↓

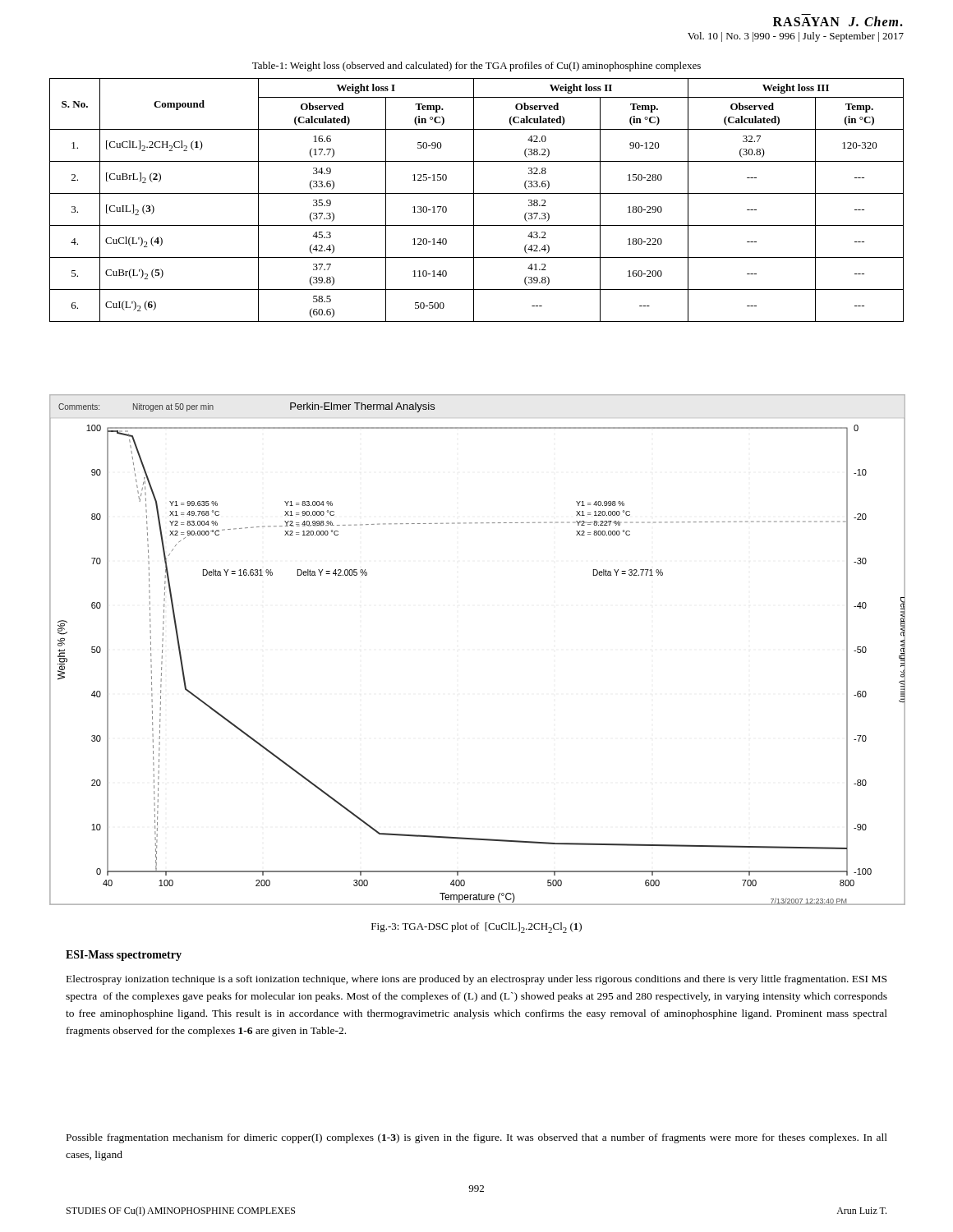Find the caption that says "Table-1: Weight loss (observed and"
This screenshot has height=1232, width=953.
[476, 65]
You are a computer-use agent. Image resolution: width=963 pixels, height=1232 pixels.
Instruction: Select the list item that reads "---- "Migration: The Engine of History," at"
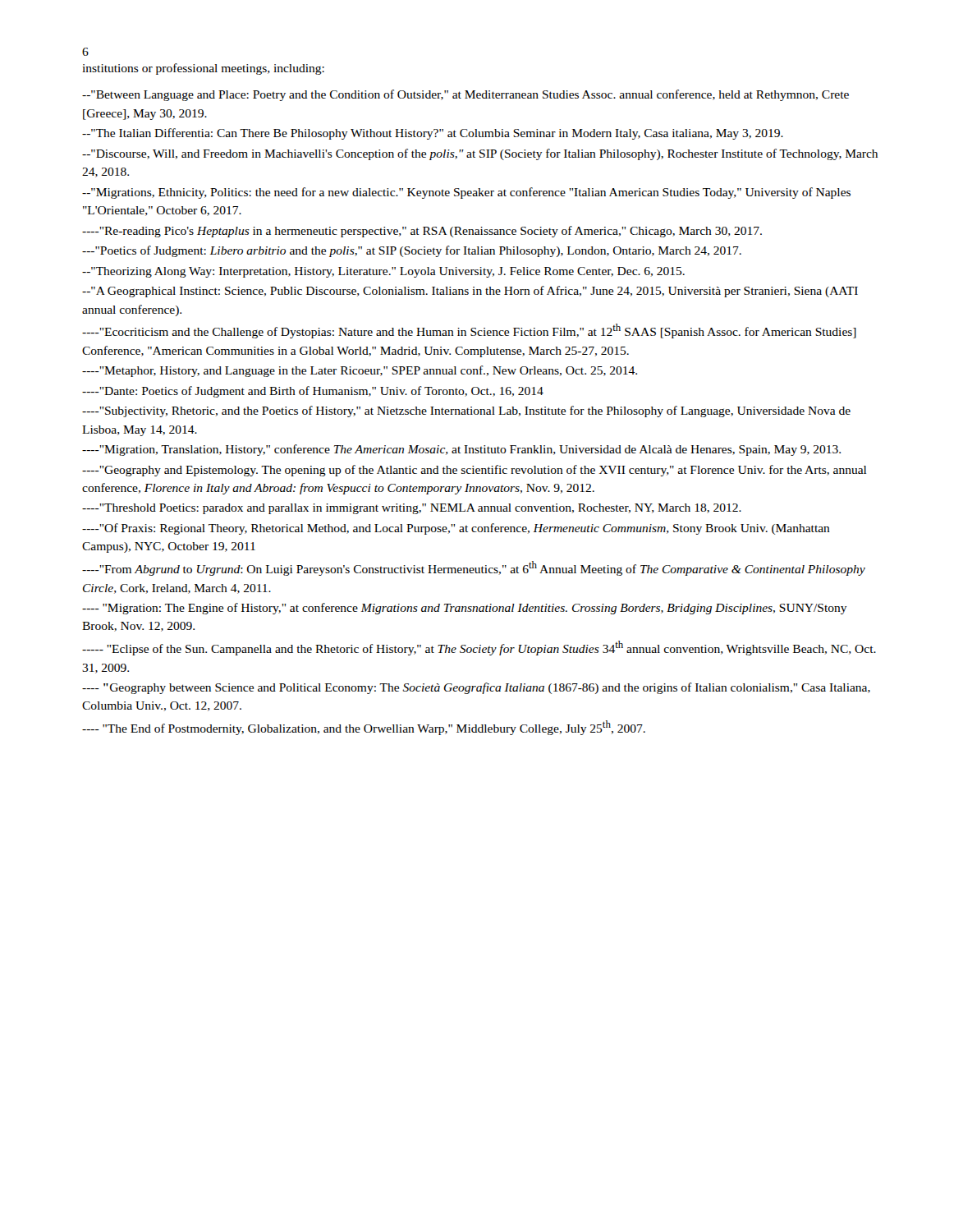coord(465,617)
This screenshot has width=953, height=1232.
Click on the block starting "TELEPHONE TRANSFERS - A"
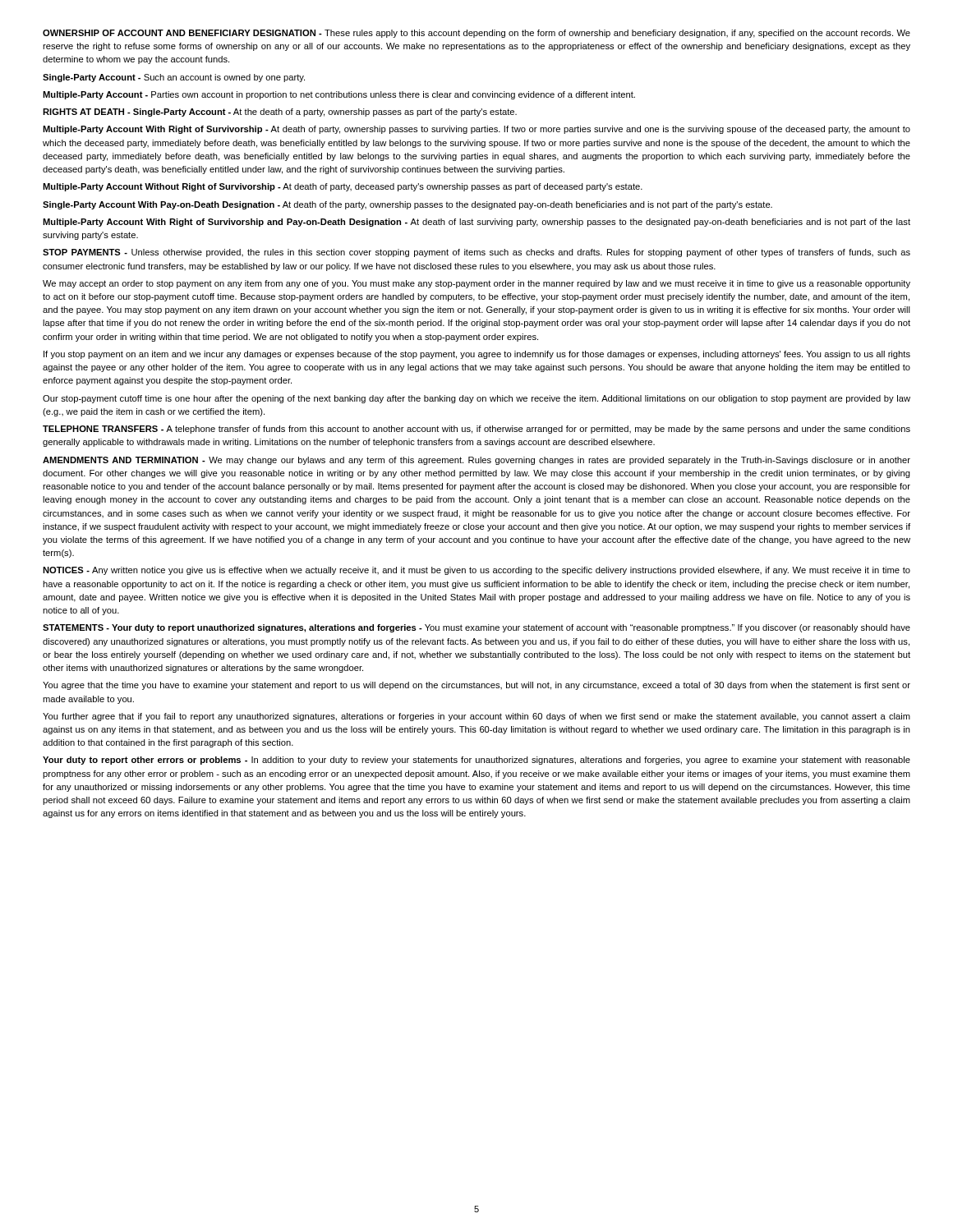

↑

== Task directions ==
Starting with the line that holds "You are a computer-use", repeat exactly every line through the end of the material above, both ends included, without the pictures.

== Reply to the exercise ==
You are a computer-use agent. Image resolution: width=963 pixels, height=1232 pixels.
Instruction: Select the list item that reads "---- "Migration: The Engine of History," at"
coord(465,617)
This screenshot has width=953, height=1232.
Click on the block starting "TELEPHONE TRANSFERS - A"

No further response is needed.